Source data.
---*---
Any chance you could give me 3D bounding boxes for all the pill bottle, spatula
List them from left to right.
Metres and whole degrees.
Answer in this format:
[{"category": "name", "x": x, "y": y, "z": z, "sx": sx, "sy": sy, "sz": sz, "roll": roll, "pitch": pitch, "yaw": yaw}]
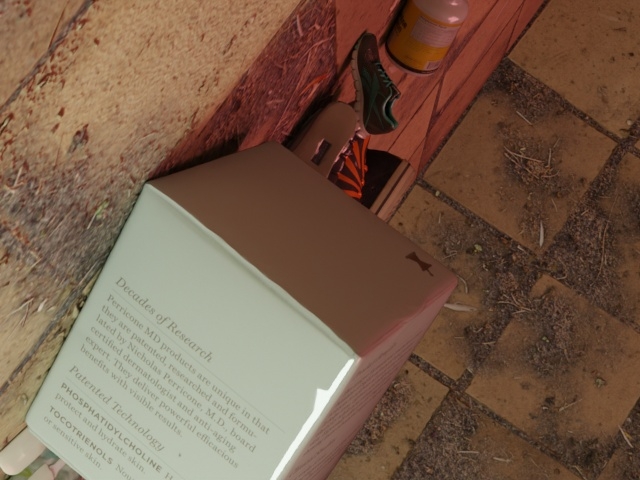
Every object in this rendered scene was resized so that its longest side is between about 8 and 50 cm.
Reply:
[{"category": "spatula", "x": -0.338, "y": 0.288, "z": 1.648, "sx": 0.242, "sy": 0.019, "sz": 0.168, "roll": -46, "pitch": 128, "yaw": -50}, {"category": "pill bottle", "x": 0.187, "y": -0.374, "z": 2.045, "sx": 0.103, "sy": 0.103, "sz": 0.184, "roll": -47, "pitch": 169, "yaw": -48}]

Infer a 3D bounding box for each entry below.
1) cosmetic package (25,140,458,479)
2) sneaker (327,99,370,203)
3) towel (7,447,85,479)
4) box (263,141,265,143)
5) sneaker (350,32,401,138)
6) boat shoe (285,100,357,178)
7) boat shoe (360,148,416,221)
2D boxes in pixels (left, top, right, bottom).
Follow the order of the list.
[{"category": "cosmetic package", "x": -0.096, "y": 0.141, "z": 1.550, "sx": 0.394, "sy": 0.327, "sz": 0.329, "roll": -59, "pitch": 165, "yaw": 25}, {"category": "sneaker", "x": 0.041, "y": -0.066, "z": 2.012, "sx": 0.321, "sy": 0.180, "sz": 0.124, "roll": -61, "pitch": -155, "yaw": -13}, {"category": "towel", "x": -0.461, "y": 0.468, "z": 1.725, "sx": 0.374, "sy": 0.090, "sz": 0.320, "roll": -51, "pitch": 172, "yaw": -33}, {"category": "box", "x": -0.049, "y": -0.111, "z": 1.785, "sx": 0.018, "sy": 0.083, "sz": 0.067, "roll": -56, "pitch": 173, "yaw": 1}, {"category": "sneaker", "x": 0.092, "y": -0.244, "z": 1.921, "sx": 0.065, "sy": 0.076, "sz": 0.166, "roll": -25, "pitch": 115, "yaw": -60}, {"category": "boat shoe", "x": -0.025, "y": -0.119, "z": 1.910, "sx": 0.227, "sy": 0.079, "sz": 0.081, "roll": -55, "pitch": -165, "yaw": -6}, {"category": "boat shoe", "x": 0.000, "y": 0.000, "z": 2.169, "sx": 0.500, "sy": 0.156, "sz": 0.187, "roll": -54, "pitch": 176, "yaw": -37}]
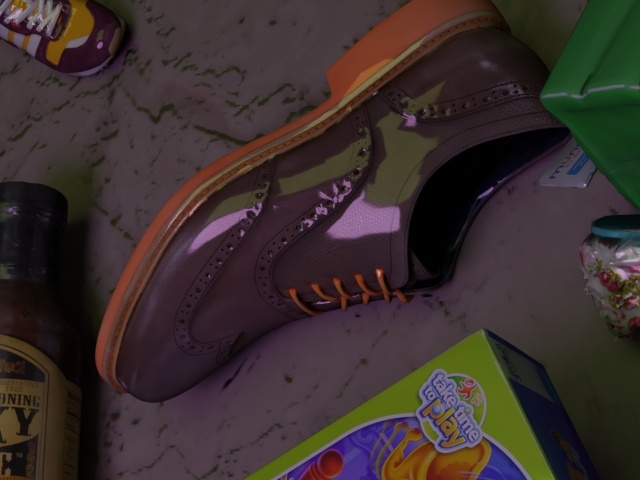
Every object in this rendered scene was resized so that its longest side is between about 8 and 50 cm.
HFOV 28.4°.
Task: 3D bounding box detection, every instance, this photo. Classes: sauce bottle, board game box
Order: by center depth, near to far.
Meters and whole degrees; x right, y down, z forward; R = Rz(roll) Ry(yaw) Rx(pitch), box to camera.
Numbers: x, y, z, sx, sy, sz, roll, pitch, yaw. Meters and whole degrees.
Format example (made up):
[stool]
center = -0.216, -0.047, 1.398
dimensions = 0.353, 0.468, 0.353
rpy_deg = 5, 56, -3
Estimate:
[board game box]
center = 0.064, 0.249, 0.586
dimensions = 0.233, 0.078, 0.347
rpy_deg = -35, 55, 18
[sauce bottle]
center = -0.233, 0.125, 0.935
dimensions = 0.111, 0.111, 0.344
rpy_deg = -16, 64, 29

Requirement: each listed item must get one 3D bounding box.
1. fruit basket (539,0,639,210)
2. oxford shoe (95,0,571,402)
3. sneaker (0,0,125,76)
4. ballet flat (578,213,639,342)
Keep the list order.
[fruit basket]
center = 0.290, -0.142, 0.583
dimensions = 0.353, 0.165, 0.327
rpy_deg = -41, 13, -13
[oxford shoe]
center = 0.000, 0.000, 0.819
dimensions = 0.364, 0.130, 0.132
rpy_deg = -44, 61, 14
[sneaker]
center = -0.250, -0.194, 1.089
dimensions = 0.185, 0.084, 0.069
rpy_deg = 19, 83, 38
[ballet flat]
center = 0.255, 0.020, 0.675
dimensions = 0.241, 0.091, 0.077
rpy_deg = -2, 101, 38
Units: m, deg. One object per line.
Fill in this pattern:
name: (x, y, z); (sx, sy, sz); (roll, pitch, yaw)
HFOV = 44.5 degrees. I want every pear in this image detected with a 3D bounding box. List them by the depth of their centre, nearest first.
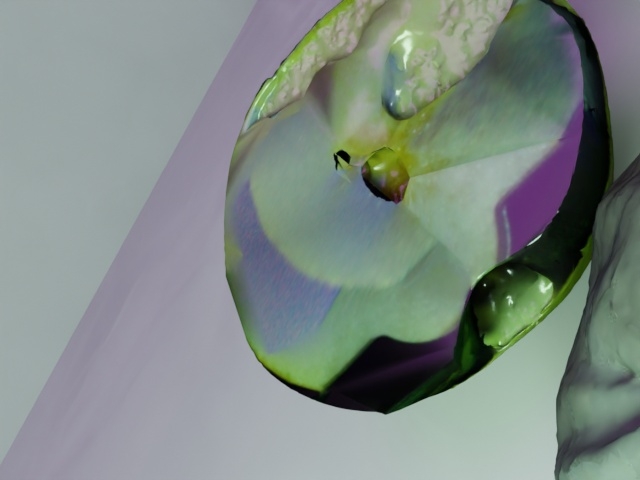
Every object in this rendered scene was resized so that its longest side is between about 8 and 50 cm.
pear: (0.099, -0.044, 0.708); (0.398, 0.165, 0.399); (-17, 66, 42)

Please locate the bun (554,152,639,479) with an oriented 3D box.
bun: (0.237, 0.035, 0.339); (0.354, 0.194, 0.355); (-43, 28, 30)
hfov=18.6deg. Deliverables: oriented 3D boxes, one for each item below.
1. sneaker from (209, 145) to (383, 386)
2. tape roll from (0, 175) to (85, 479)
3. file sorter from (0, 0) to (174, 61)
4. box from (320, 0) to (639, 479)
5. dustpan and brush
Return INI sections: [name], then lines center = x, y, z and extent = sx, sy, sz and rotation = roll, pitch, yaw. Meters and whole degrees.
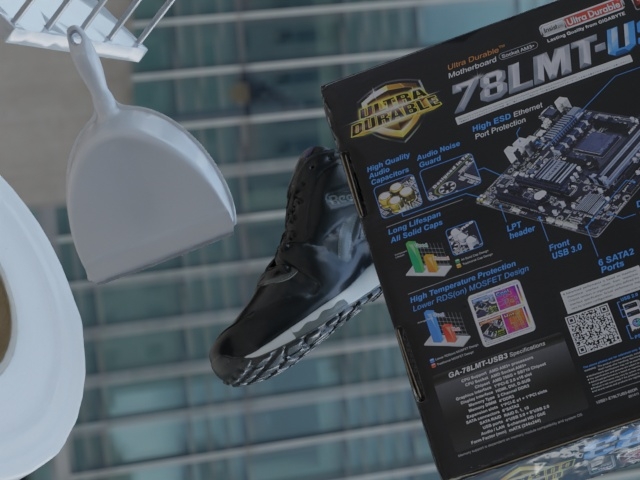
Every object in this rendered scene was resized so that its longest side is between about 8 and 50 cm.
[sneaker]
center = 0.000, 0.000, 1.509
extent = 0.124, 0.283, 0.107
rotation = 50, -31, 5
[tape roll]
center = -0.293, 0.050, 1.319
extent = 0.100, 0.286, 0.286
rotation = -30, -118, 29
[file sorter]
center = -0.262, -0.315, 1.972
extent = 0.193, 0.278, 0.173
rotation = 44, -74, 16
[box]
center = 0.176, -0.014, 1.184
extent = 0.073, 0.296, 0.293
rotation = 64, 7, -58
[dustpan and brush]
center = -0.174, -0.084, 1.679
extent = 0.060, 0.147, 0.211
rotation = -78, 145, -69
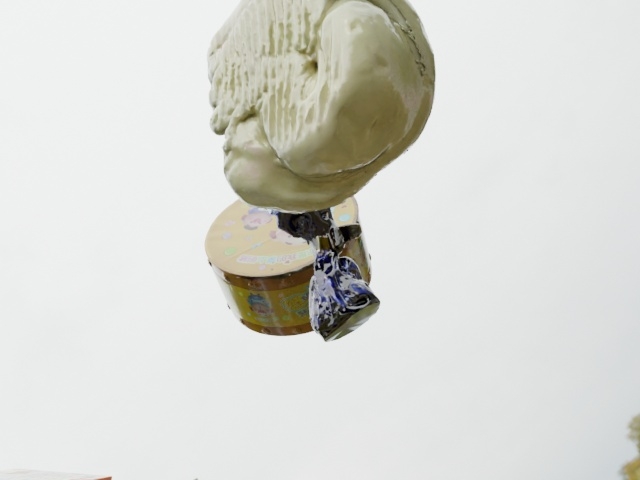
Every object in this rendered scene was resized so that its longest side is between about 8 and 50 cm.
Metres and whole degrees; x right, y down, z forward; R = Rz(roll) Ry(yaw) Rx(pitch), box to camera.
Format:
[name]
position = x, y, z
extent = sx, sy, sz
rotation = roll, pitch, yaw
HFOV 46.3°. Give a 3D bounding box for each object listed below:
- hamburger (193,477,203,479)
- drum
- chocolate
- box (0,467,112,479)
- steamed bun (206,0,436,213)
[hamburger]
position = -0.238, 0.502, 1.332
extent = 0.131, 0.159, 0.185
rotation = -5, -30, 15
[drum]
position = -0.081, 0.034, 1.980
extent = 0.431, 0.431, 0.214
rotation = -30, -51, -15
[chocolate]
position = -0.002, -0.004, 1.284
extent = 0.148, 0.343, 0.126
rotation = -27, -20, 12
[box]
position = -0.647, 0.545, 1.655
extent = 0.265, 0.048, 0.273
rotation = 0, -10, 16
[steamed bun]
position = 0.005, -0.200, 1.042
extent = 0.247, 0.339, 0.352
rotation = 19, -41, -41
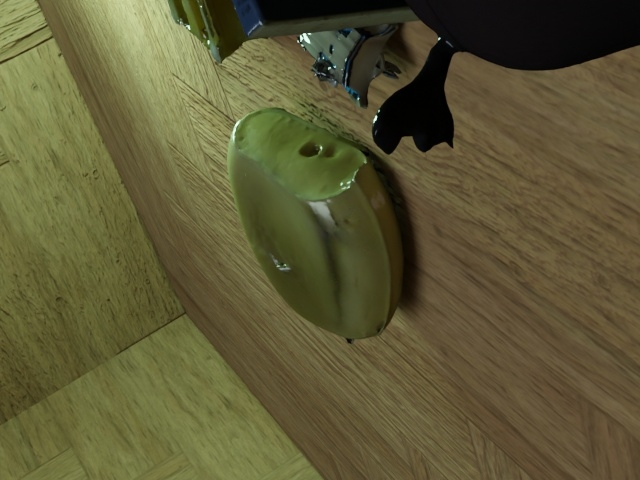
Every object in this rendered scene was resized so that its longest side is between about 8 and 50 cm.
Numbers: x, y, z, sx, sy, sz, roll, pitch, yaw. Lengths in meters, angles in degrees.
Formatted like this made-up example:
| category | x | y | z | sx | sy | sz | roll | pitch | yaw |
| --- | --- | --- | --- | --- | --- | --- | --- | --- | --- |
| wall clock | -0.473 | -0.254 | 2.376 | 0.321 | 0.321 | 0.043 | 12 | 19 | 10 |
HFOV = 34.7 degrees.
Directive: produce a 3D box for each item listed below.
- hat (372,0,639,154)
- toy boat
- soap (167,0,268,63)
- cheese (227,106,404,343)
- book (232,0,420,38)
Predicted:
| category | x | y | z | sx | sy | sz | roll | pitch | yaw |
| --- | --- | --- | --- | --- | --- | --- | --- | --- | --- |
| hat | 0.104 | -0.161 | 0.469 | 0.336 | 0.209 | 0.238 | 34 | 148 | 54 |
| toy boat | 0.007 | -0.204 | 0.973 | 0.210 | 0.066 | 0.084 | 54 | 133 | 50 |
| soap | -0.143 | -0.330 | 1.168 | 0.135 | 0.076 | 0.233 | 46 | 161 | 38 |
| cheese | 0.000 | 0.000 | 1.247 | 0.259 | 0.128 | 0.316 | 42 | 159 | 41 |
| book | -0.011 | -0.252 | 0.613 | 0.025 | 0.190 | 0.269 | -32 | 76 | 52 |
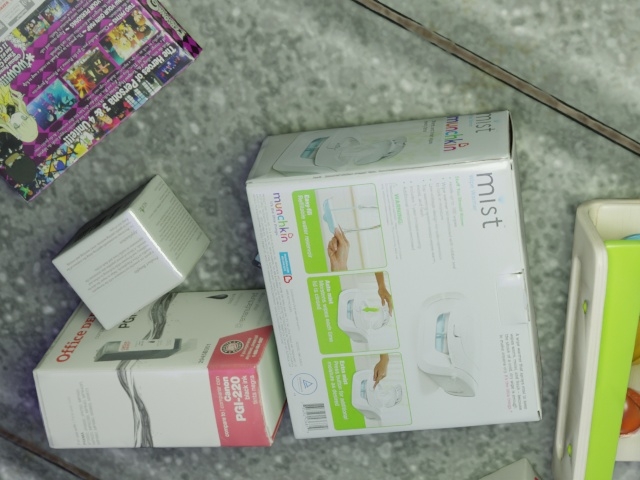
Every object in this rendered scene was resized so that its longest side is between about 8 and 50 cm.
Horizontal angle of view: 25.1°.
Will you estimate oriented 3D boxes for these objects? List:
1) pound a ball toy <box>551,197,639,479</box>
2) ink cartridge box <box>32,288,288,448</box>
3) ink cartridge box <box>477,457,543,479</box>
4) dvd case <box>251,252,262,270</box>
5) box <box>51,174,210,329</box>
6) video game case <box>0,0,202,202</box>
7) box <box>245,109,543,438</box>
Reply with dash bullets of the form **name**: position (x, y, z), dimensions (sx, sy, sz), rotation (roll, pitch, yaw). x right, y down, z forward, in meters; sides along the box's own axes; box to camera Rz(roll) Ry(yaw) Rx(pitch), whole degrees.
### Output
- **pound a ball toy**: position (0.322, 0.124, 1.300), dimensions (0.208, 0.135, 0.319), rotation (-1, 116, -1)
- **ink cartridge box**: position (-0.142, 0.121, 1.366), dimensions (0.218, 0.158, 0.092), rotation (-4, 114, 13)
- **ink cartridge box**: position (0.170, 0.359, 1.370), dimensions (0.168, 0.232, 0.171), rotation (-32, 104, 20)
- **dvd case**: position (0.000, 0.000, 1.366), dimensions (0.087, 0.013, 0.119), rotation (34, 116, -5)
- **box**: position (-0.176, 0.010, 1.356), dimensions (0.101, 0.102, 0.087), rotation (-32, 102, 21)
- **video game case**: position (-0.261, -0.180, 1.321), dimensions (0.232, 0.042, 0.210), rotation (-38, 102, 23)
- **box**: position (0.073, 0.034, 1.291), dimensions (0.231, 0.126, 0.262), rotation (-7, 114, 9)
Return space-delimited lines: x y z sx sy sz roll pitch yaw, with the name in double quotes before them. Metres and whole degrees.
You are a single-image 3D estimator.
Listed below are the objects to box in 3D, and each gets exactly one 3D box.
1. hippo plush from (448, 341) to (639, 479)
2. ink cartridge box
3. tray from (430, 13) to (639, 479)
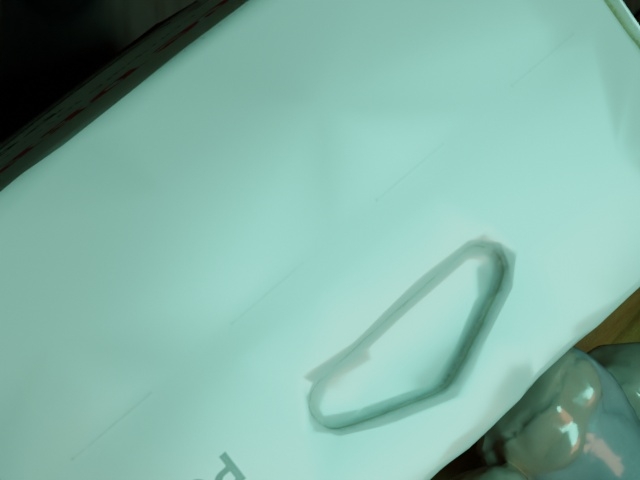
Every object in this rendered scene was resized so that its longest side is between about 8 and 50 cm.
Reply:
"hippo plush" 0.189 0.209 0.793 0.234 0.236 0.294 -24 122 -42
"ink cartridge box" -0.047 0.007 0.485 0.207 0.283 0.117 -40 102 -20
"tray" 0.126 0.054 0.902 0.411 0.076 0.203 -44 133 -30
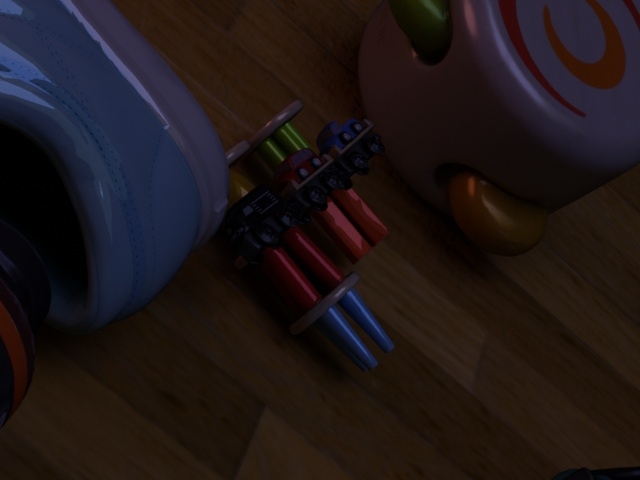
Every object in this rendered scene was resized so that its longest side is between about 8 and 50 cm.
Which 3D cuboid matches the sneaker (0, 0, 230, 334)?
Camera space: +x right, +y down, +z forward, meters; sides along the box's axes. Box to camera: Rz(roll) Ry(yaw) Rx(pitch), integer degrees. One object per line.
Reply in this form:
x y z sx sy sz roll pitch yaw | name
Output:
-0.197 -0.103 0.786 0.366 0.135 0.150 42 34 -9 | sneaker

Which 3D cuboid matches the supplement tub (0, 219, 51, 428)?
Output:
-0.188 0.064 0.676 0.106 0.106 0.198 44 37 -8 | supplement tub

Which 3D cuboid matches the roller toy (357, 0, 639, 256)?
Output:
0.129 -0.109 1.122 0.191 0.146 0.209 -30 88 -44 | roller toy

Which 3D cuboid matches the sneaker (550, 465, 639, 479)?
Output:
0.114 0.183 0.875 0.302 0.121 0.108 -21 75 -52 | sneaker

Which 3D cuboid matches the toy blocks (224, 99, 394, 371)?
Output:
0.000 0.000 0.969 0.148 0.054 0.123 50 37 -1 | toy blocks

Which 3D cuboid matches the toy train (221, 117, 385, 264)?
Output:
-0.009 -0.033 0.922 0.036 0.027 0.158 42 38 6 | toy train
---*---
Exercise.
Check each line of the entries, and copy the ones that contain "matches".

Response.
Which 3D cuboid matches the sneaker (0, 0, 230, 334)?
Which 3D cuboid matches the supplement tub (0, 219, 51, 428)?
Which 3D cuboid matches the roller toy (357, 0, 639, 256)?
Which 3D cuboid matches the sneaker (550, 465, 639, 479)?
Which 3D cuboid matches the toy blocks (224, 99, 394, 371)?
Which 3D cuboid matches the toy train (221, 117, 385, 264)?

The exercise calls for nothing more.